I agree, and it make sense. My goal was to be able to ´listen` (sort of) on the view, for any changes made in its base tables. Instead of on each individual base table, as this makes it more difficult to automatic find the changes it makes in the view, which is what I need.
The view never changes - it has no content.
Make sense, yes. Thank you.
I think it should be supported: On views, triggers can be defined to execute instead of INSERT, UPDATE, or DELETE operations. Such INSTEAD OF triggers are fired once for each row that needs to be modified in the view. See Overview of Trigger Behavior
@SergiuIndrie Sure, but I don't get your point.
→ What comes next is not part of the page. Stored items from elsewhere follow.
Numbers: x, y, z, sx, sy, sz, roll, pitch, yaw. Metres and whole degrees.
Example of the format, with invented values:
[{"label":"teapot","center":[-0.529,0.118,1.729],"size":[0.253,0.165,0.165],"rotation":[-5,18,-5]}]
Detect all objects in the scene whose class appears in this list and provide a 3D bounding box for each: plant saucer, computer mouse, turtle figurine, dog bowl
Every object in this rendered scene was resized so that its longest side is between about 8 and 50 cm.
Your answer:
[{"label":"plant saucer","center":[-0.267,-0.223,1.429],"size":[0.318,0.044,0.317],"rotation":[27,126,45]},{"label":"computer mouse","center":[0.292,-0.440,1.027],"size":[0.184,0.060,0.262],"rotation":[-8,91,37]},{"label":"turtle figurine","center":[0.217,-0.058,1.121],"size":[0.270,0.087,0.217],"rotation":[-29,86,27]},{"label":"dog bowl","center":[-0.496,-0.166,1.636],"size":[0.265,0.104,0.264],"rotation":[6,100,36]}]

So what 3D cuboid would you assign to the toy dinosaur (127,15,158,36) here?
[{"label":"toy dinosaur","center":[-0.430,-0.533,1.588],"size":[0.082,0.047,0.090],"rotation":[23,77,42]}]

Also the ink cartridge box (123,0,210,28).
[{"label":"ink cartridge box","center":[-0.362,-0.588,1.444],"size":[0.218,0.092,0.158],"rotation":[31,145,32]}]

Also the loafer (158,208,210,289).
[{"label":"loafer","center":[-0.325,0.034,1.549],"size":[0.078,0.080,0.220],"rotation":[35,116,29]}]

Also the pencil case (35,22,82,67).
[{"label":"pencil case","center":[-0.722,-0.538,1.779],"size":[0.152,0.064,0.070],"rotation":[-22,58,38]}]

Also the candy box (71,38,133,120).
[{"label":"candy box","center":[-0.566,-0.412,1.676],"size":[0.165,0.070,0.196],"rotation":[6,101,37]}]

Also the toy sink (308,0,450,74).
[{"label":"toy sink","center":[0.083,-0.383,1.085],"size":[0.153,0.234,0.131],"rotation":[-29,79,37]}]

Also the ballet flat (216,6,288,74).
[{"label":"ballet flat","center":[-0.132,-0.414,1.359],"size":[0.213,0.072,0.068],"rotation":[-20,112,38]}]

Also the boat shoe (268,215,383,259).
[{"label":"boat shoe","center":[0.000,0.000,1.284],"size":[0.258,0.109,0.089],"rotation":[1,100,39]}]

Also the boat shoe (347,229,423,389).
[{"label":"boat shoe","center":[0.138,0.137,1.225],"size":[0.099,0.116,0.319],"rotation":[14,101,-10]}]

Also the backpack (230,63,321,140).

This doesn't say that a trigger on a view fires when the underlying tables are changed.
0

The trigger with a view is fired when INSERT, UPDATE or DELETE operation is prevented on a view but not on the base table of the view. *My answer explains the trigger with a view in detail.

*Memos:

  • INSTEAD OF can prevent operations.

  • You can use INSTEAD OF only with a view and FOR EACH ROW otherwise there is error.

  • You cannot specify one or more columns with UPDATE OF when using INSTEAD OF otherwise there is error.

  • You cannot use TRUNCATE with INSTEAD OF otherwise there is error.

  • The trigger with BEFORE or AFTER and INSERT, UPDATE or DELETE on a view doesn't work. *My question and the answers explains it in detail.